4. terasa doğru giderken gördüğümüz yayla evi, çevrede bunun gibi yayla evleri var, sit alanı olduğu için terkedilmiş. Burası çevre köylerin yaylası Kocayayla olarak geçiyor. Bu bina da bekçi Ali Yayla’nın babasına aitmiş. Bir ceviz ağacının altından köpek havlamaları duyuldu, bağlıydılar. Oldukça ıssız yerler geceleri onlara ihtiyaç var.
Son terasa doğru giderken kutsal anlamı olan kaya üzerindeki niş uzaklardan dikkati çekiyor. Büyük ihtimalle içinde heykel veya kabartma vardı.

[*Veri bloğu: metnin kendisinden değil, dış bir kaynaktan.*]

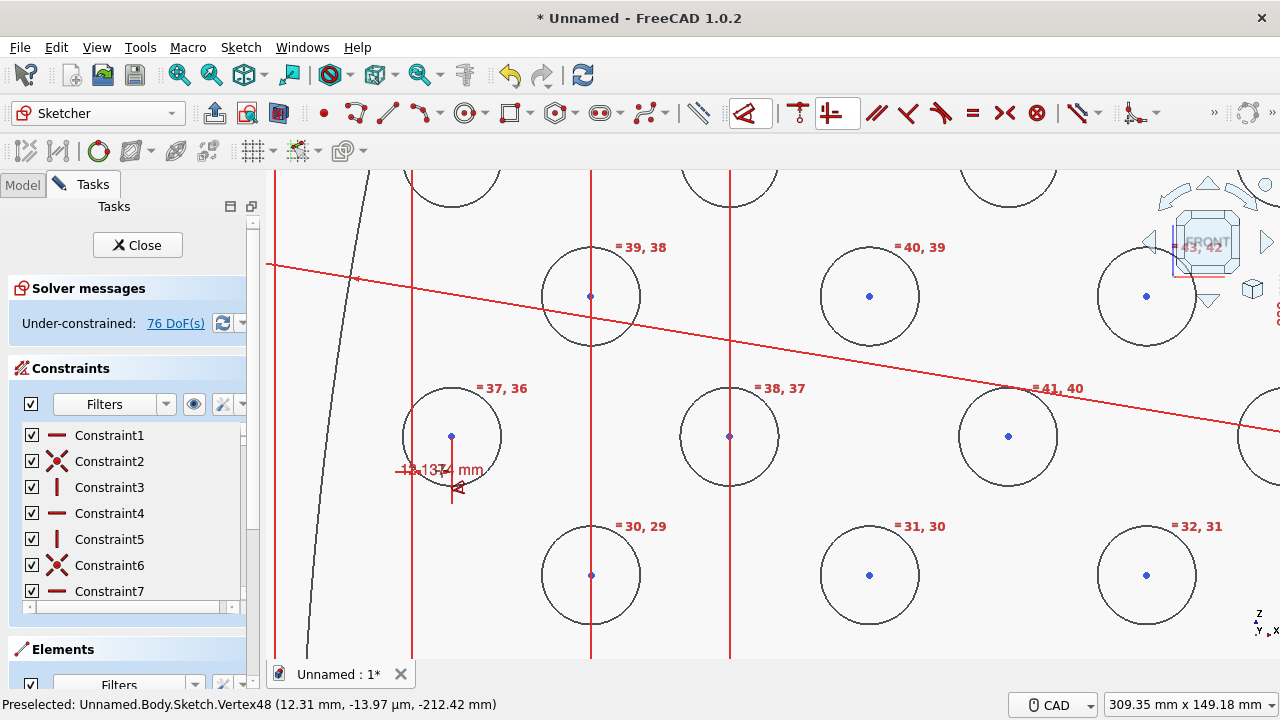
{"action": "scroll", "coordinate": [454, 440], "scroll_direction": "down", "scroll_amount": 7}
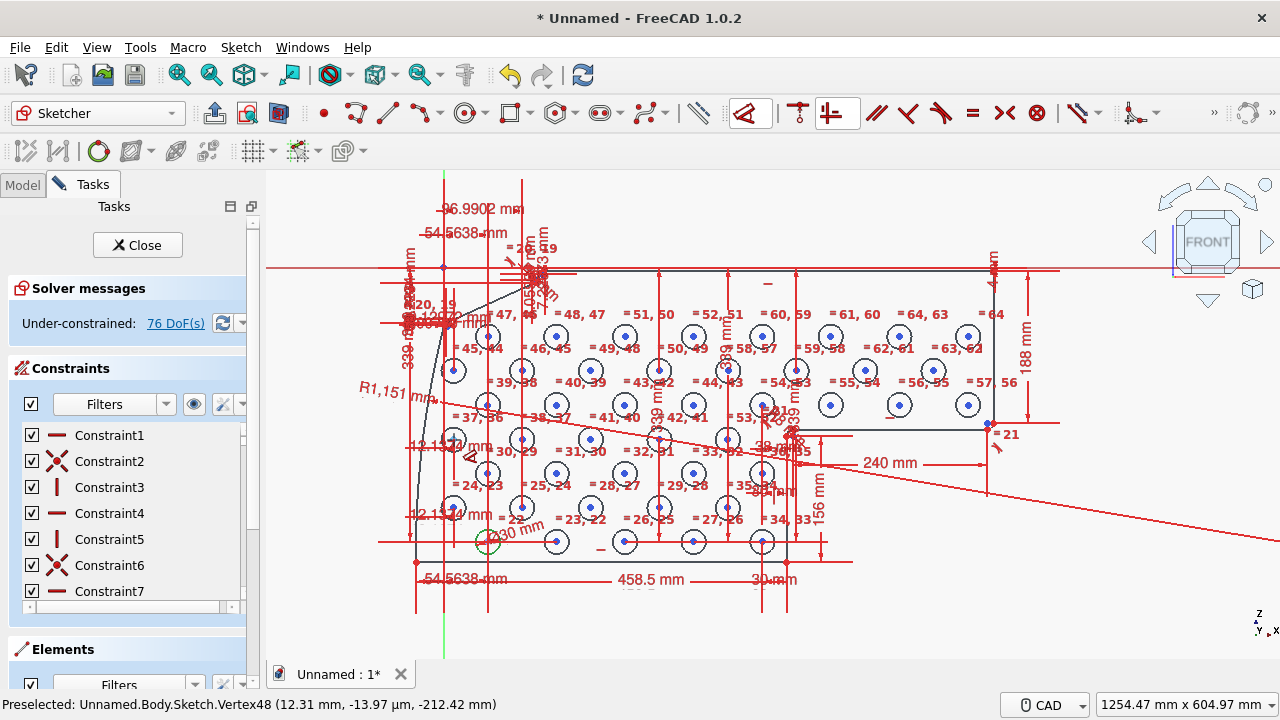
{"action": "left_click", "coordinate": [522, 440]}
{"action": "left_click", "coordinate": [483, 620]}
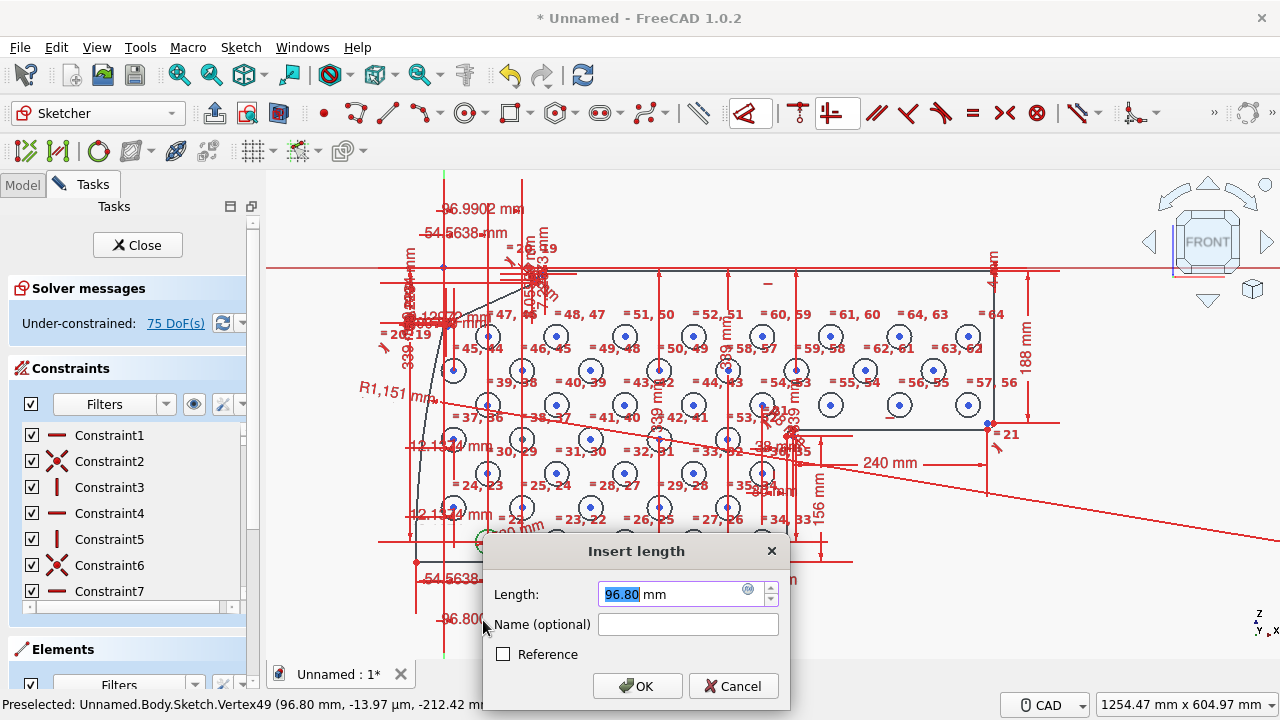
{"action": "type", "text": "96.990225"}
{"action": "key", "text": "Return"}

Tabii Ekrem arkadaşım durur mu hemen kayanın üzerinde yerini aldı, manzarayı seyretmeye koyuldu. Kaya üzerinde basamak şeklinde oyuklar var. İkiye yarılmış gibi görünen kaya kutsal bir anlamı içeriyor anladığım kadarıyla. Tapınılan Gök tanrıyla irtibatlı bir durum sanırım. Durur muyum biraz sonra ben de manzarayı seyrediyor oldum. Ören yeri kuşbakışı gözümüzün önündeydi, Milas ovasına kadar her yer görünüyordu. Böyle yerlere çıkmak kolay da inmek mesele, ayakkabılarımın da etkisiyle arkadaşlarımın yardımı gerekti. Basamaklar birkaç metre sonra taşın üst kısmında yer alıyor. Dinsel törenlerde bu kayanın bir anlamı vardır sanırım, gözcülük te yapılıyormuydu bilemiyorum, her yer görünüyor çünkü.
Labraunda’da en iyi korunan yerlerden biri nekropolü ( mezarlık ). Labraunda nekropolü’nün en önemli yapısı en son terasta, kutsal kayanın biraz ilerisinde yer alan Anıt mezar. Oldukça dikkat çekici bir mimari yapısı var.
Kayanın üzerinden bakıldığında solda 2. terastaki Andron B, sağ altta 3. teras Zeus tapınağı, sağ üstte madenlere doğru giden toprak yol ve ormanlık alan görülüyor. Buradan sıkça yükselen büyük bir toz bulutu sanki yangın dumanı gibi etrafa yayılıyordu, geçen büyük kamyonların çıkardığı tozlardı.
Kuzey stoası da buradan görülebiliniyor.